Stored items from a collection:
________________________

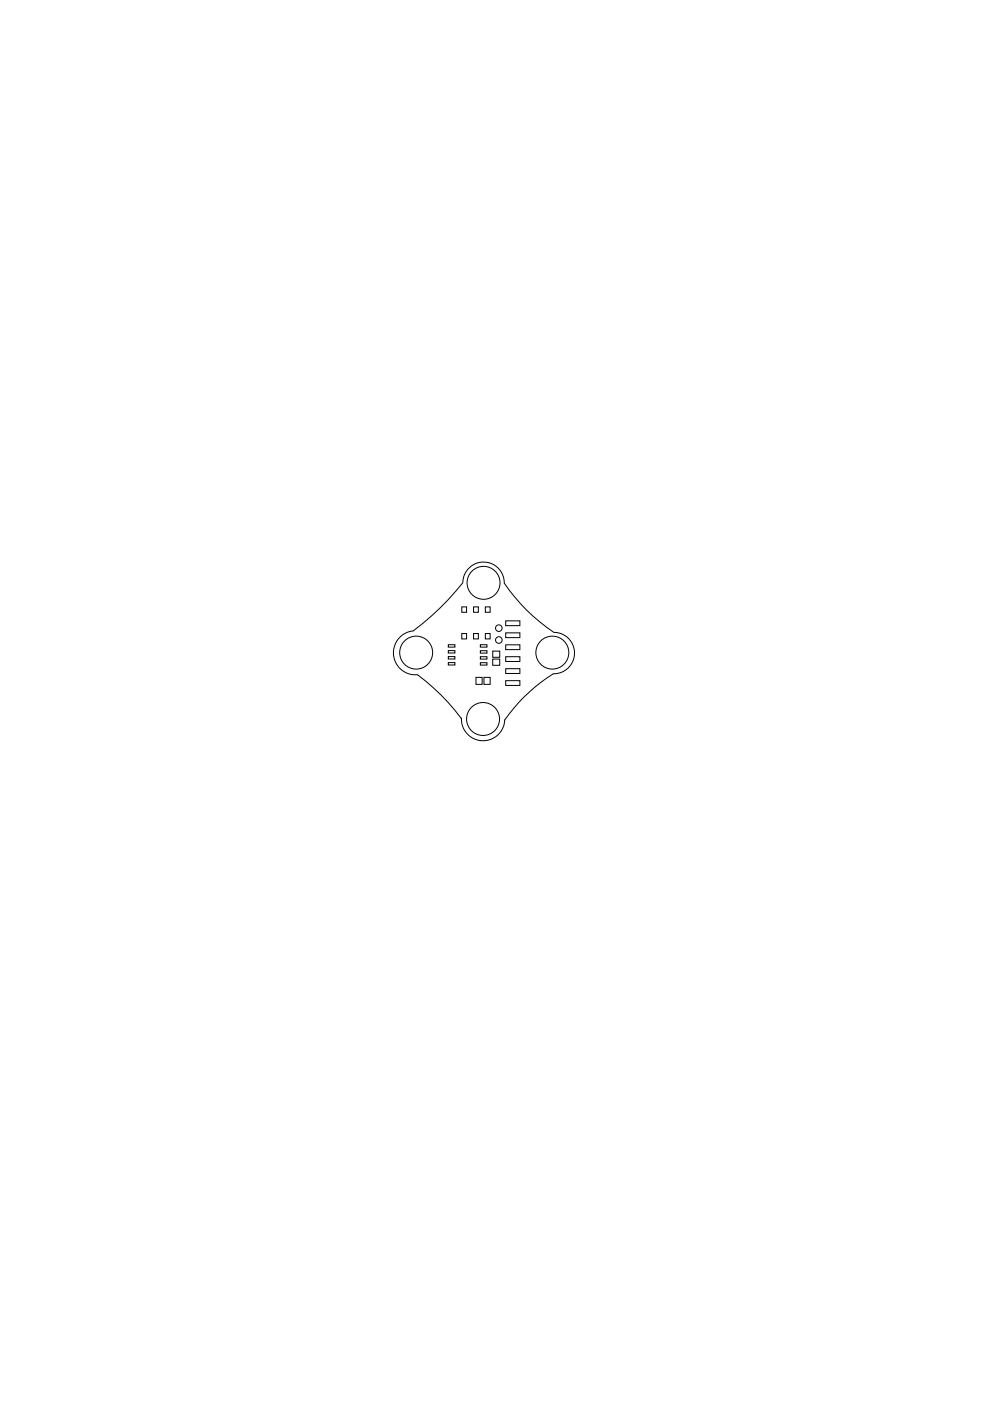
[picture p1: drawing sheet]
<svg xmlns="http://www.w3.org/2000/svg" width="210mm" height="297mm" viewBox="0 0 210 297" stroke-linecap="round" stroke-linejoin="round" font-family="sans-serif">
<!-- layer: Layer 1 -->
<g fill="none" stroke="#000" stroke-width=".21">
<path d="M95.1 136.7h1.3v.5h-1.3zM95.1 137.9h1.3v.6h-1.3zM95.1 139.2h1.3v.5h-1.3zM97.9 128.7h1v1.1h-1zM97.9 134.3h1v1.2h-1zM98.1 123.6a57 57 0 0 1-10.5 10.2 4.7 4.7 0 0 0-4.2 5.1 4.7 4.7 0 0 0 5.1 4.2 45.3 45.3 0 0 1 9.3 9.3M98.1 123.5a4.4 4.4 0 0 1 4.5-4.3 4.4 4.4 0 0 1 4.3 4.5 38.7 38.7 0 0 0 10.5 10.4M100.4 128.7h1v1.1h-1zM100.4 134.3h1v1.2h-1zM101.8 136.7h1.4v.5h-1.4zM101.8 138h1.4v.5h-1.4zM101.8 139.2h1.4v.5h-1.4z"/>
<path d="M102.9 128.7h1v1.1h-1zM102.9 134.3h1v1.2h-1zM104.5 139.7h1.5v1.4h-1.5zM104.5 138h1.5v1.4h-1.5zM107.2 136.7h3v1h-3zM107.2 134.2h3v1h-3zM107.2 131.6h3v1.1h-3zM107.2 139.2h3v1.1h-3zM117.5 134.1a4.4 4.4 0 0 1 4.3 4.5 4.4 4.4 0 0 1-4.5 4.3 36.4 36.4 0 0 0-10.3 9.8 4.6 4.6 0 0 1-4.8 4.4 4.6 4.6 0 0 1-4.4-4.8M95.1 140.5h1.3v.5h-1.3zM100.9 143.6h1.3v1.5h-1.3zM101.8 140.5h1.4v.5h-1.4z"/>
<path d="M102.6 143.6h1.3v1.5h-1.3zM107.2 141.8h3v1h-3zM107.2 144.3h3v1h-3z"/>
<circle cx="88.2" cy="138.4" r="3.5"/>
<circle cx="102.5" cy="123.6" r="3.5"/>
<circle cx="105.8" cy="135.7" r=".7"/>
<circle cx="105.8" cy="133.2" r=".7"/>
<circle cx="117.1" cy="138.4" r="3.5"/>
<circle cx="102.4" cy="152.4" r="3.5"/>
</g>
</svg>

________________________

*WORK INSTRUCTION*.
If a picture appears among the records, leave it out, and otherwise reproduce exactly every line from the first line through the one with "<!-- layer: Layer 1 -->", both included.

*FINISHED EXERCISE*.
[picture p1: drawing sheet]
<svg xmlns="http://www.w3.org/2000/svg" width="210mm" height="297mm" viewBox="0 0 210 297" stroke-linecap="round" stroke-linejoin="round" font-family="sans-serif">
<!-- layer: Layer 1 -->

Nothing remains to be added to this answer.